Unfortunately, the diet didn’t take this year, and I will have to wait until next year for the svelte figure. Mind you, there are some advantages to the ‘traditional build’, like needing your extra tonnage to break out of a H-Block prison cell. The guide diplomatically explained to me that if one of the ‘smaller’ women had gotten locked in , it would have definitely been a Fire and Resuce job. It also comes in handy after a long session with someone who has had to tell a difficult or harrowing story- a wee hug to the ample bosom seems comforting. But one thing fat women may not be doing any more is getting free IVF treatment on the NHS. The British Fertility Society has recommended that free IVF should be limited to women of healthy weight because obesity reduces success rates and adds to the risks of pregnancy.

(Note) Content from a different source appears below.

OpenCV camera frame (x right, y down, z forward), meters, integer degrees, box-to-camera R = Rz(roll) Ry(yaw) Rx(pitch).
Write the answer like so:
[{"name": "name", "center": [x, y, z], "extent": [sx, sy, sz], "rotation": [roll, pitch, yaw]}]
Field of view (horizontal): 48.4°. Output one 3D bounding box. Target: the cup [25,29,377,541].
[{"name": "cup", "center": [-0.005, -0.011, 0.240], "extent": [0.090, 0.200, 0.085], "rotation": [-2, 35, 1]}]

At the moment the Government has asked primary care trusts to offer women at least one free cycle of IVF treatment, but has produced no detailed guidelines on who should qualify or any extra funds. This has led individual trusts to impose a bewildering range of restrictions. Many set different obesity limits and refuse to treat smokers and couples who already have children, even when adopted or from previous relationships. Others will not fund treatment of couples who have paid for IVF themselves. About 27,000 women receive IVF in Britain each year and around a quarter of treatments are provided by the NHS.

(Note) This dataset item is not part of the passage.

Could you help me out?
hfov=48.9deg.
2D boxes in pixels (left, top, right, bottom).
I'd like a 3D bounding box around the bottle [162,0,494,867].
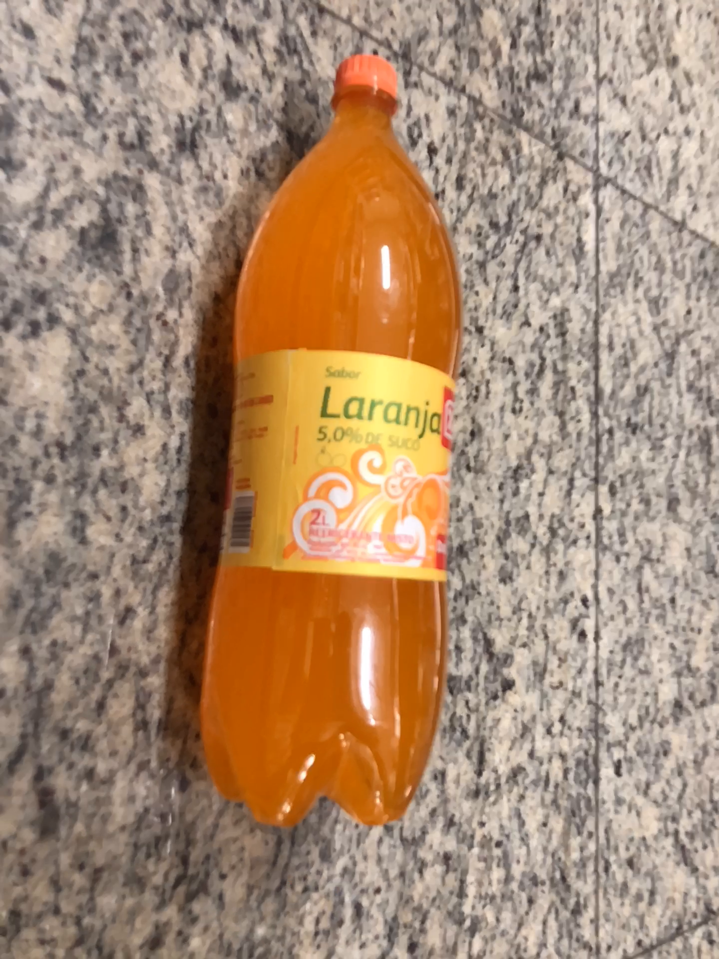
[{"bbox_3d":[-0.006,-0.033,0.356,0.121,0.070,0.350,8,79,-39],"label":"bottle"}]

Once again we face the debate about the nature of the provision of healthcare, and whether we are worthy or deserving of care. While there is obviously an argument about fertility being enhanced with a healthy weight, I seem to recall we had a similar debate a while ago with the child who received non- conventional treatment for leukaemia and did very well.
If it is right to take a chance on a child where the odds are not exactly in favour, why are we discriminating against childless women who desire a baby, but are overweight? Where are we drawing the ethical lines in terms of discrimination for various treatments, and where will it stop?